Can Childhood ADHD be treated successfully?

Yes. Most cases of Childhood ADHD respond to evidence-based therapy, with or without medication. Outcomes are best when treatment is started early and the client-therapist fit is strong. Many people see meaningful improvement within 8-20 weekly sessions.

What does therapy for Childhood ADHD look like?

Treatment usually starts with a thorough assessment, goal-setting, and education about Childhood ADHD. Sessions then use evidence-based methods (CBT, ACT, DBT, EMDR, IFS, or psychodynamic therapy, depending on the diagnosis and your preferences). Homework between sessions is common.

Will I need medication for Childhood ADHD?

Not always. Many people manage Childhood ADHD with therapy alone. For moderate-to-severe symptoms, medication can speed relief and make therapy more effective. A psychiatric provider (MD, DO, or PMHNP) — separate from your therapist — handles prescribing.

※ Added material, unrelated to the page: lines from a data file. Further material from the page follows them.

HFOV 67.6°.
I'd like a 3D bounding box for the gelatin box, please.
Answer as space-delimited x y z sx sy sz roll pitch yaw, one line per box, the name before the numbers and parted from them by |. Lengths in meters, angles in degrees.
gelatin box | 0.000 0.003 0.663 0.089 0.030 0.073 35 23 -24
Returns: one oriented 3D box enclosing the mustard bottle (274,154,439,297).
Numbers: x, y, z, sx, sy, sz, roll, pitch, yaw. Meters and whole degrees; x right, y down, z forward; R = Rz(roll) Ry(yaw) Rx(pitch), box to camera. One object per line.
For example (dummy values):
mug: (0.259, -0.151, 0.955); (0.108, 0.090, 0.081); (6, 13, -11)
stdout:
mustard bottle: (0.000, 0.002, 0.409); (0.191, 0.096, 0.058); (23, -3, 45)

How do I know if it's really Childhood ADHD or something else?

Self-screening tools are useful starting points, but only a licensed clinician can diagnose. Several conditions share overlapping symptoms (e.g., trauma, ADHD, thyroid issues, sleep disorders), so a thorough intake assessment is important before settling on a treatment plan.

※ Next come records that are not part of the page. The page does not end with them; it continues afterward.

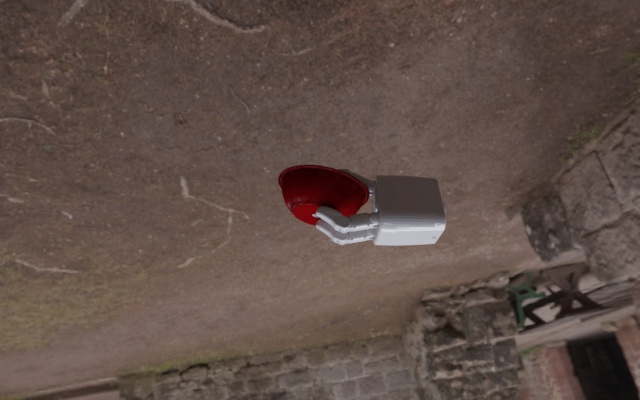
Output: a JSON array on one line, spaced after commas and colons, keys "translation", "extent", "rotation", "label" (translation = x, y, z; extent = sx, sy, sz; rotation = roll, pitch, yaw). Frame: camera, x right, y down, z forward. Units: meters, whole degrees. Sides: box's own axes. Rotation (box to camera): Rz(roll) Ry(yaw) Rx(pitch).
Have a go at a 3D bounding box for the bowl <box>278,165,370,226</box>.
[{"translation": [-0.001, 0.003, 0.819], "extent": [0.162, 0.055, 0.162], "rotation": [11, -25, 5], "label": "bowl"}]
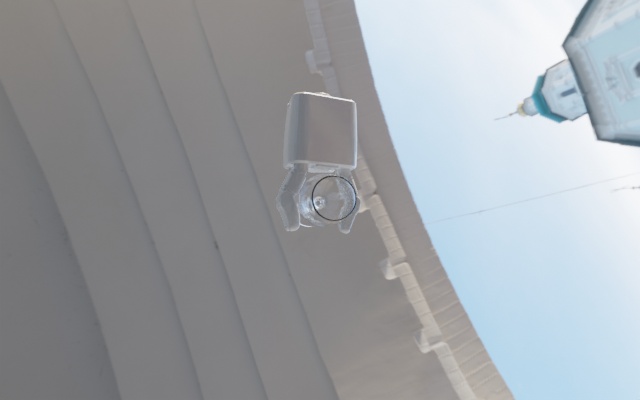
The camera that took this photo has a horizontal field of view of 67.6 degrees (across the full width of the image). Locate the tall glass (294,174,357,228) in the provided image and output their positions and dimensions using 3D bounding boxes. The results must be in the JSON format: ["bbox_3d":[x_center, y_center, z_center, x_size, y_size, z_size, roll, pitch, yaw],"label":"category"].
[{"bbox_3d":[0.000,0.003,0.733,0.079,0.079,0.201,0,-3,-11],"label":"tall glass"}]
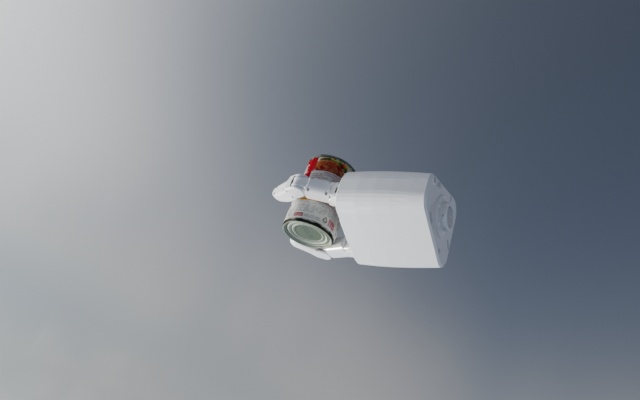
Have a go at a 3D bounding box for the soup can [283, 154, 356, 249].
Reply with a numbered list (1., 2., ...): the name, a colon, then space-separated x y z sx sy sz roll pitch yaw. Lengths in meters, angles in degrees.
1. soup can: 0.000 0.002 0.606 0.068 0.102 0.068 16 -30 9
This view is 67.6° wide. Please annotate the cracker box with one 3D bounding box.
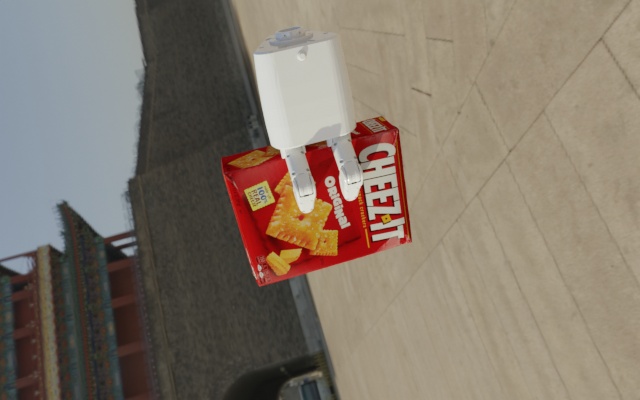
[{"bbox_3d":[0.000,0.002,0.607,0.213,0.164,0.072,-15,26,-7],"label":"cracker box"}]
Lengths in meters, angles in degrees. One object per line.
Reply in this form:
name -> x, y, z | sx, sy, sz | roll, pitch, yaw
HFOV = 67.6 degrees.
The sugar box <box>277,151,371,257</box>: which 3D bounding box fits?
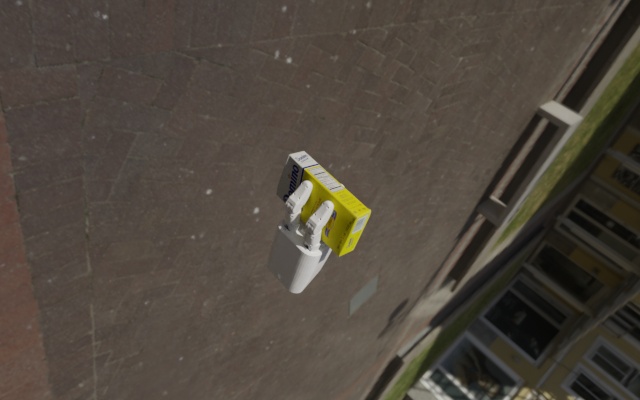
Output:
sugar box -> 0.000, 0.003, 0.821 | 0.176, 0.093, 0.048 | 41, 39, 25
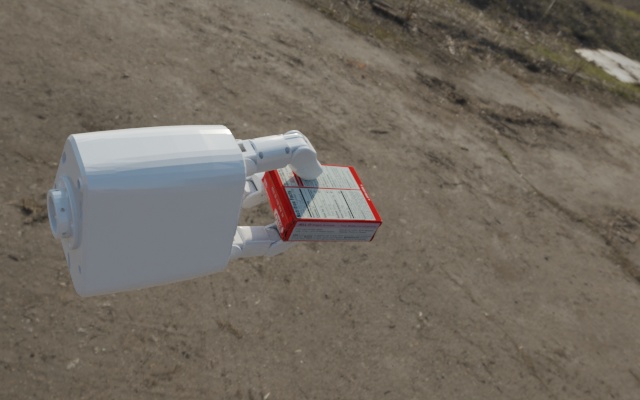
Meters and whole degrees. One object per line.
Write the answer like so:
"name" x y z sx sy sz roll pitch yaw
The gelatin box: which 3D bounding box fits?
"gelatin box" 0.001 0.001 0.421 0.089 0.030 0.073 2 44 -28
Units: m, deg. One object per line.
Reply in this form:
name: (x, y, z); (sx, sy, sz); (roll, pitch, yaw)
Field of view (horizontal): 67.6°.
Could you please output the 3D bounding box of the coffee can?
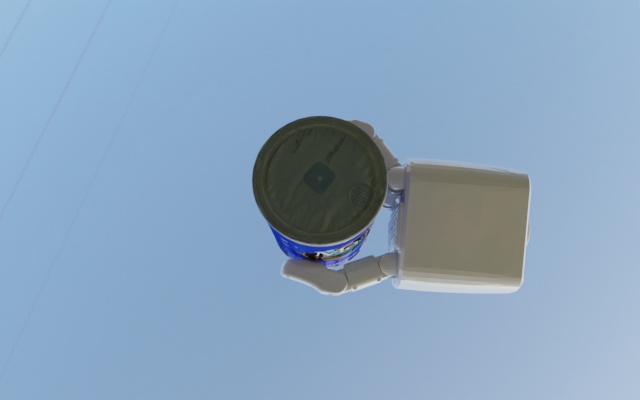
coffee can: (0.000, 0.001, 0.425); (0.103, 0.102, 0.140); (0, -15, 0)
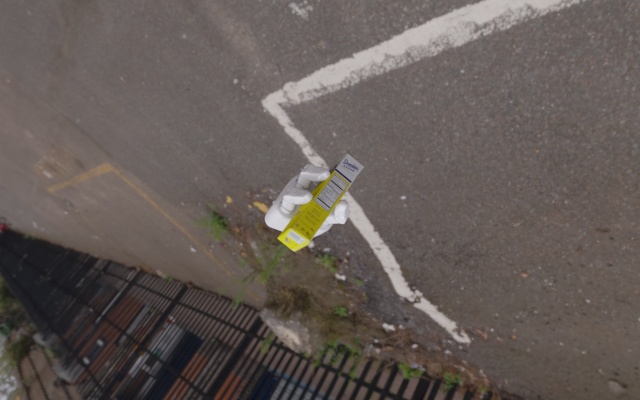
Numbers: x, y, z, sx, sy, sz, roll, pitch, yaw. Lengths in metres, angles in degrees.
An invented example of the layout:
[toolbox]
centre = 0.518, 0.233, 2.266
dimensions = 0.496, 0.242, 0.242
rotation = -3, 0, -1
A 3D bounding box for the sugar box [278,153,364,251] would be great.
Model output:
[sugar box]
centre = 0.000, 0.003, 0.839
dimensions = 0.048, 0.176, 0.093
rotation = 37, -24, -7

Can I do Childhood ADHD therapy by telehealth?

Yes. Research shows telehealth is as effective as in-person care for most outpatient mental-health conditions, including Childhood ADHD. Every clinician in our directory is set up for secure video sessions across Texas.

Will my Childhood ADHD diagnosis affect my job, security clearance, or insurance?

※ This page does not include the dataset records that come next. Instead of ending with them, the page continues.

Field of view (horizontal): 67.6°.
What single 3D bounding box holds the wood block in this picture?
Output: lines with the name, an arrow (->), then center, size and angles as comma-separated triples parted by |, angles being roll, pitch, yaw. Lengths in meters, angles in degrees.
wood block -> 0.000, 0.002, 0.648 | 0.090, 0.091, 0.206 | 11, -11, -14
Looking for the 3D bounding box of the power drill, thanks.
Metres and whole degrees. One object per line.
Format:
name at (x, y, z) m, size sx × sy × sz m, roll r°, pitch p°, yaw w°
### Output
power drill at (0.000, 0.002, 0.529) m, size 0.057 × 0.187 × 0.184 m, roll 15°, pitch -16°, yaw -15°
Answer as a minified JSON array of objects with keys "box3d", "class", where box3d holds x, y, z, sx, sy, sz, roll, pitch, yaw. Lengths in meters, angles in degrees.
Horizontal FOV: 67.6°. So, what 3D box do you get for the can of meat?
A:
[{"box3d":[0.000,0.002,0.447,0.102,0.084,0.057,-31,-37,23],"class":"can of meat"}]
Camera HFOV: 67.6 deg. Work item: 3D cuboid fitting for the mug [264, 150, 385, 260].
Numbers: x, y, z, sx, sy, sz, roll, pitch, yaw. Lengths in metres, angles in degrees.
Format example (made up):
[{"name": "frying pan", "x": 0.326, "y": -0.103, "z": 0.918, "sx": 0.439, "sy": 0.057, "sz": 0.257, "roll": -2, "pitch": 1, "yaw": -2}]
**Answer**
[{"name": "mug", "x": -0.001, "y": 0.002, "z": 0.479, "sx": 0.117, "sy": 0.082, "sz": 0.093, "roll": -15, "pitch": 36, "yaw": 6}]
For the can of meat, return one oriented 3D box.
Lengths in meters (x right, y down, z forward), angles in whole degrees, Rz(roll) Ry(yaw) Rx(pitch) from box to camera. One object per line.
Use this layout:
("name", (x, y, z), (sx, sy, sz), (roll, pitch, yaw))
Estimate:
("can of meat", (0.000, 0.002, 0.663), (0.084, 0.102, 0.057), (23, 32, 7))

Therapy records are confidential under HIPAA. Diagnoses billed to insurance become part of your medical record but are not visible to your employer. Federal security clearances generally don't penalize people for seeking mental-health care — in fact, untreated symptoms are a bigger risk factor.

How soon should I see results?

Many people notice some relief within the first 4-6 sessions. Significant, durable change for Childhood ADHD typically takes 3-6 months of weekly work, longer for complex or chronic presentations. Track progress with your therapist using brief check-in measures.

What if I'm in crisis with Childhood ADHD right now?

If you're considering harming yourself or others, call or text 988 (Suicide & Crisis Lifeline, 24/7, English and Spanish) or go to the nearest emergency room. Any Texas ER is required to evaluate behavioral-health emergencies.

Sources

Last reviewed: 5/17/2026. This page is for informational purposes only and is not a substitute for diagnosis or treatment by a licensed clinician.